Yaser Al-Najjar • Sep 7 '19 • Edited

I love simplistic solutions, here is my 0.2 cents:

Use a prefix for each node like n1 / n2

Generate an incremental ID: 1, 2, 3...

So you will end up with IDs like:

n1-1
n1-2
n2-1
n2-2

Easy to sort and never gonna conflict.

Does that help with your use case?

rhymes • Sep 7 '19

Not exactly, what if the node is a client and for any reason they set the same name? What if the node changes name or is replaced by another one?

Aside from the sortable part, the problem of conflict is already solved by using UUIDs, going back to incremental IDs is not feasible in this case.

Unfortunately this, as many things in distributed systems, is not that simple.

Yaser Al-Najjar • Sep 7 '19

I get it.

You wanna have a long-term solution, however, you still didn't tell us your exact use case so we are throwing bunch of out-of-context solutions.

BTW, this might be a very interesting solution (using both UUID and incremental ID): tomharrisonjr.com/uuid-or-guid-as-...

rhymes • Sep 7 '19 • Edited

You wanna have a long-term solution

I think this is one of those few cases when there's no cost into having a correct long term solution instead of having to change the format of IDs (and thus having multiple sets of them) in time.

you still didn't tell us your exact use case so we are throwing bunch of out-of-context solutions.

I didn't write the final goal explicitly but I wrote the requirements. The final goal is to traceable unique IDs for events in a distributed system that also are sortable which is a very handy property. There's no mistery to it :D

BTW, this might be a very interesting solution (using both UUID and incremental ID): tomharrisonjr.com/uuid-or-guid-as-...

I agree that exposing IDs is not great, not even UUIDs in theory. In that case is best to have multiple keys.

It's an interesting approach but it's tied to a database. I want something that would work at each level (the programming language, the DB table, an event log and so).

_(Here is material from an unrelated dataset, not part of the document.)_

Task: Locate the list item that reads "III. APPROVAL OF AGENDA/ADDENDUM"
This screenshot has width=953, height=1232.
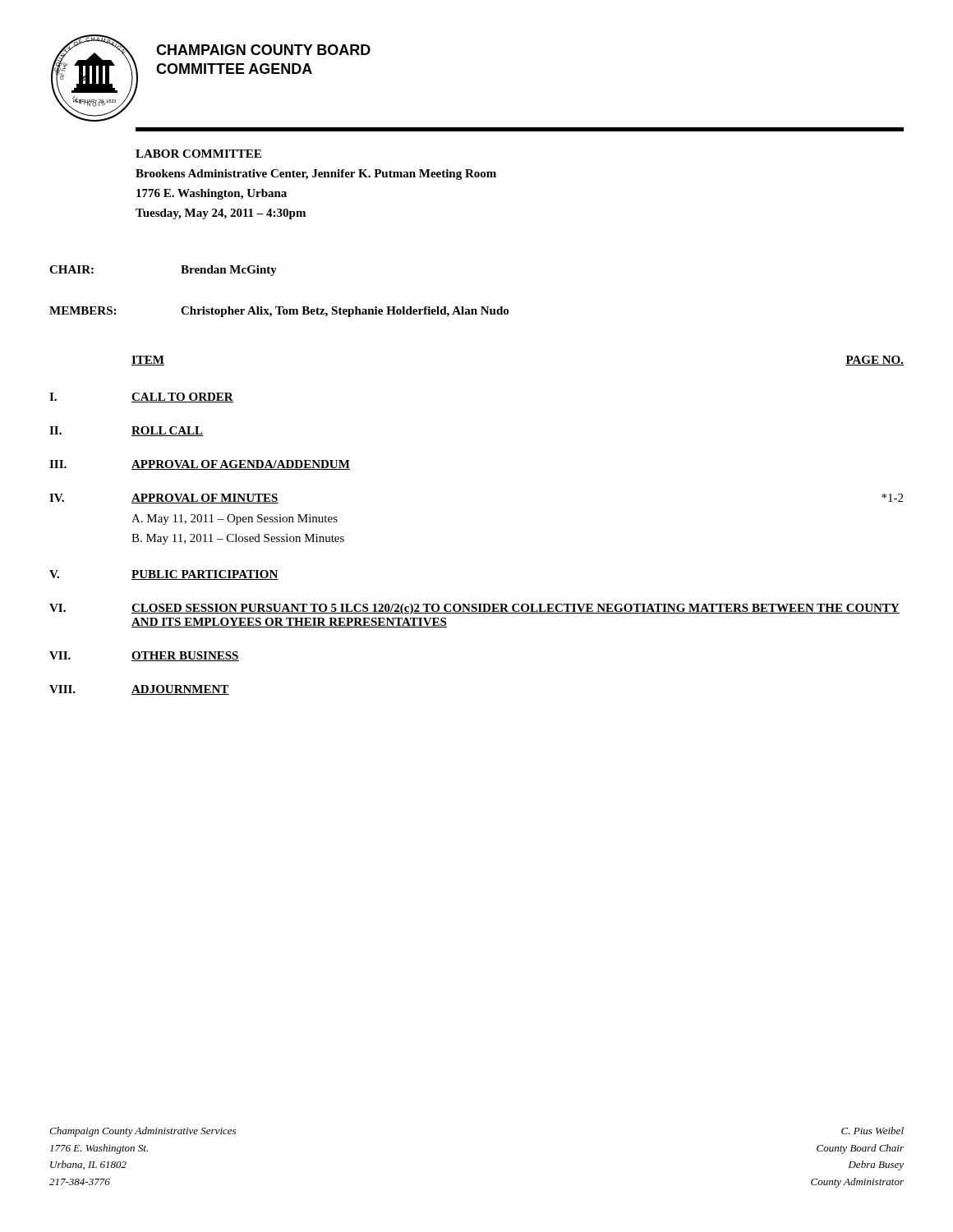Action: [200, 465]
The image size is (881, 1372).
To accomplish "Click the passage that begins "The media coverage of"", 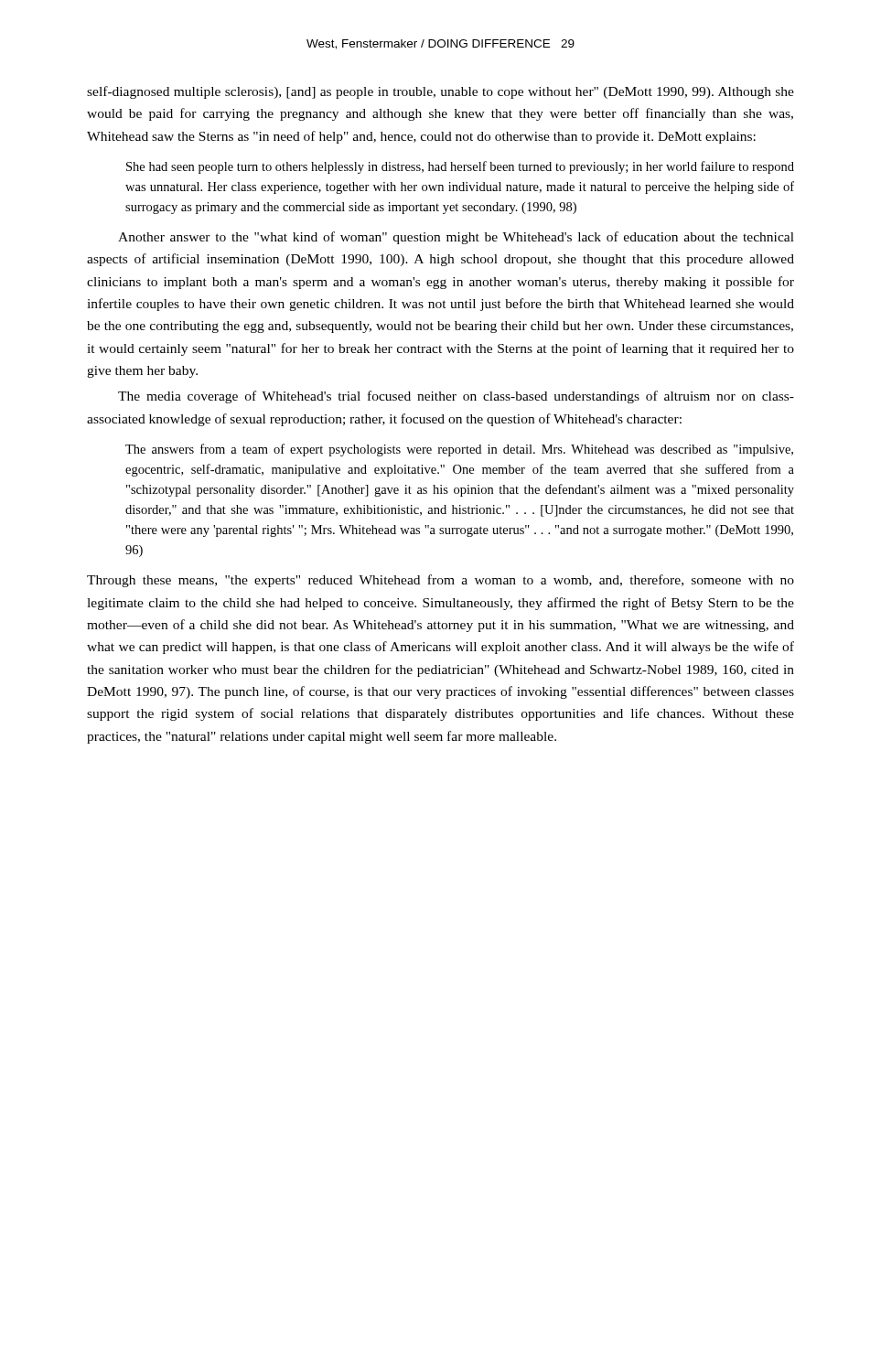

Thanks for sending me suggestions though, it's really great to see all of these approaches!!

William Gottschalk • Sep 7 '19 • Edited

Have you tried ULIDs before? They’re lexicographically sortable ids unique to the ms. honeybadger.io/blog/uuids-and-ulids/

rhymes • Sep 7 '19 • Edited

Before writing this I searched and read a bit of stuff on the internet, so I ultimately encountered the ULID spec and loved it: the bit when they say: "Won't run out of space 'til the year 10889 AD" made me laugh.

I didn't mention it because I wanted to see if there were other solutions and to start a fresh discussion without "bias".

I also didn't read this blog post before, so thank you!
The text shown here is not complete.